Re: gaussian distribution pgbench - Mailing list pgsql-hackers

From Gregory Smith
Subject Re: gaussian distribution pgbench
Date
Msg-id 52B39C0D.2020606@gmail.com
Whole thread Raw
In response to Re: gaussian distribution pgbench  (Gavin Flower <GavinFlower@archidevsys.co.nz>)
Responses Re: gaussian distribution pgbench
List pgsql-hackers
On 12/19/13 5:52 PM, Gavin Flower wrote:
> Curious, wouldn't the common usage pattern tend to favour a skewed 
> distribution, such as the  Poisson Distribution (it has been over 40 
> years since I studied this area, so there may be better candidates).
>

Some people like database load testing with a "Pareto principle" 
distribution, where 80% of the activity hammers 20% of the rows such 
that locking becomes important.  (That's one specific form of Pareto 
distribution)  The standard pgbench load indirectly gets you quite a bit 
of that due to all the contention on the branches table.
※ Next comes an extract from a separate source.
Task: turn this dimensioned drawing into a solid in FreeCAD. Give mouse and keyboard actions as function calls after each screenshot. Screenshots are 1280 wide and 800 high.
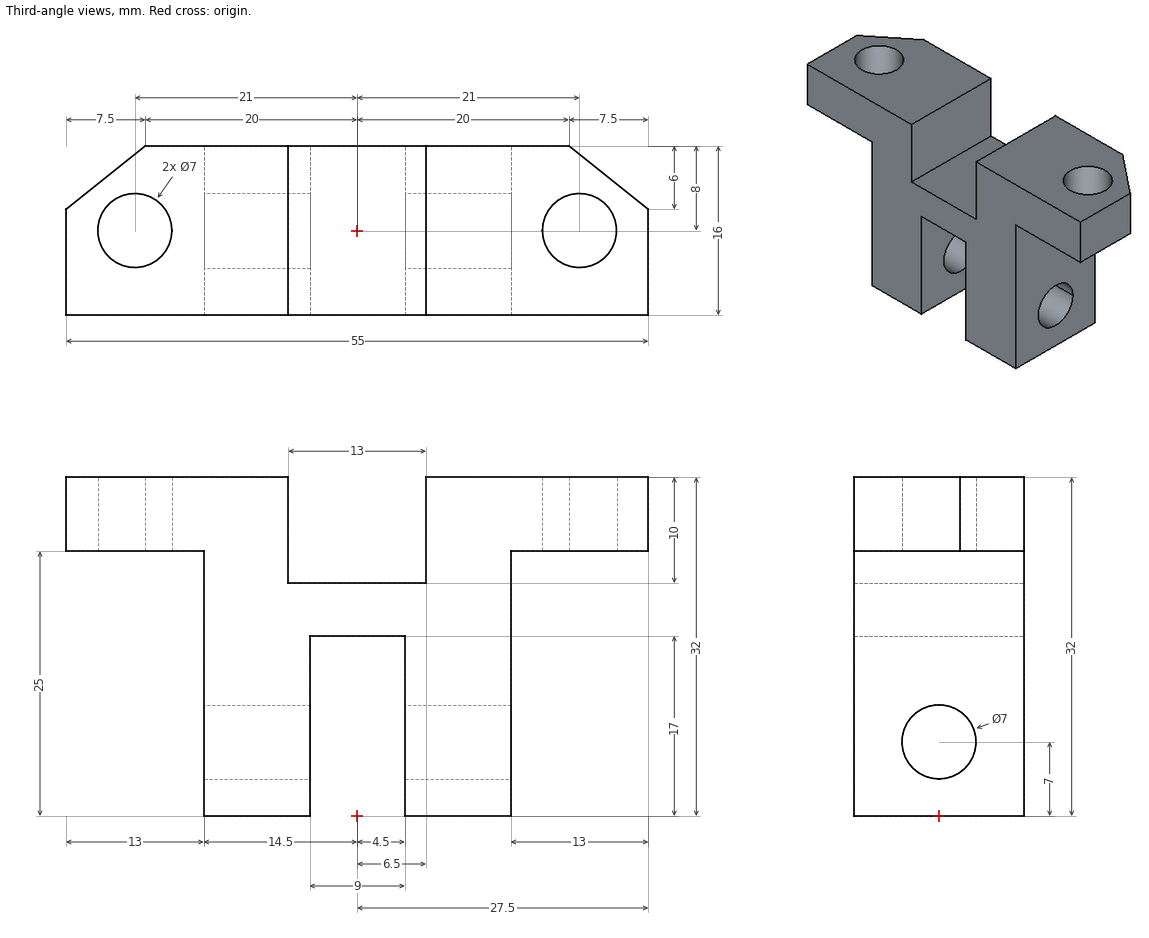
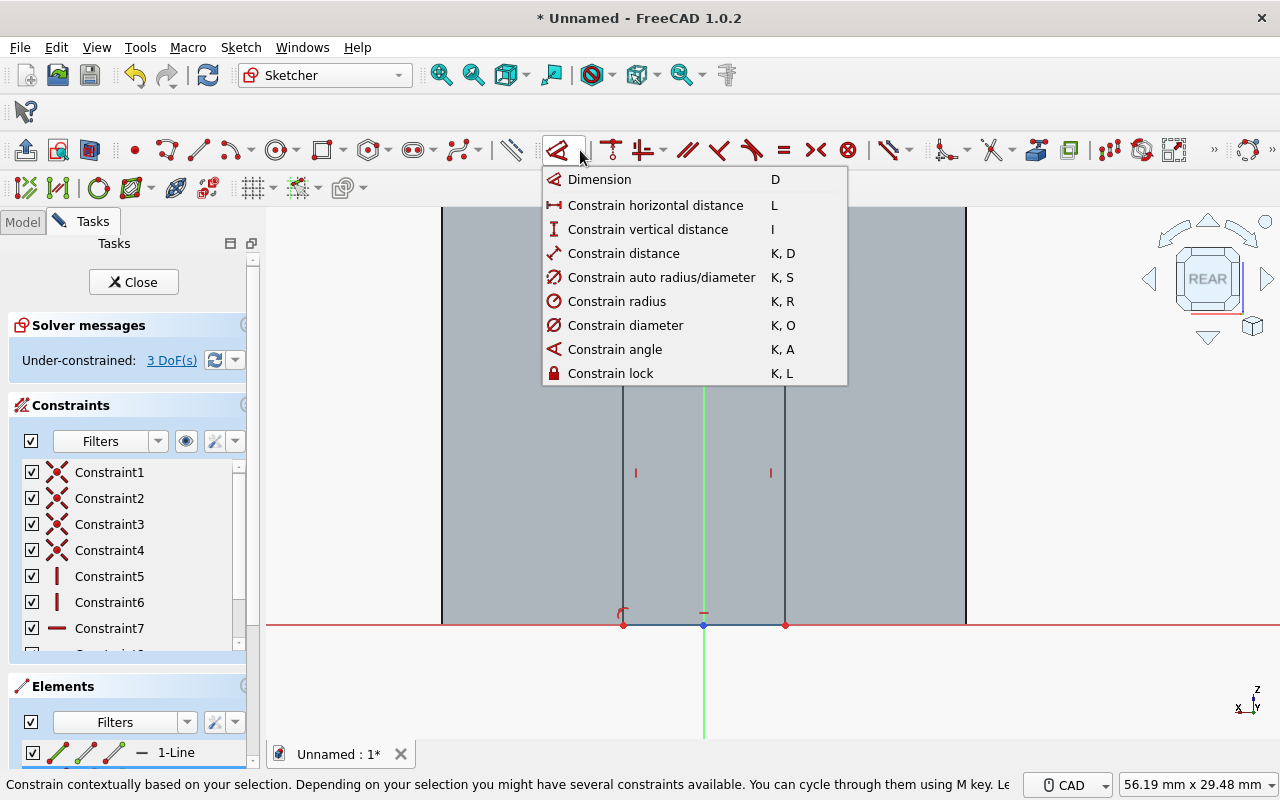
click(695, 205)

Targeting all 
of that at a single table can be more realistic.

My last round of reviewing a pgbench change left me pretty worn out with 
wanting to extend that code much further.  Adding in some new 
probability distributions would be fine though, that's a narrow change.  
We shouldn't get too excited about pgbench remaining a great tool for 
too much longer though.  pgbench is fast approaching a wall nowadays, 
where it's hard for any single client server to fully overload today's 
larger server.  You basically need a second large server to generate 
load, whereas what people really want is a bunch of coordinated small 
clients.  (That sort of wall was in early versions too, it just got 
pushed upward a lot by the multi-worker changes in 9.0 coming around the 
same time desktop core counts really skyrocketed)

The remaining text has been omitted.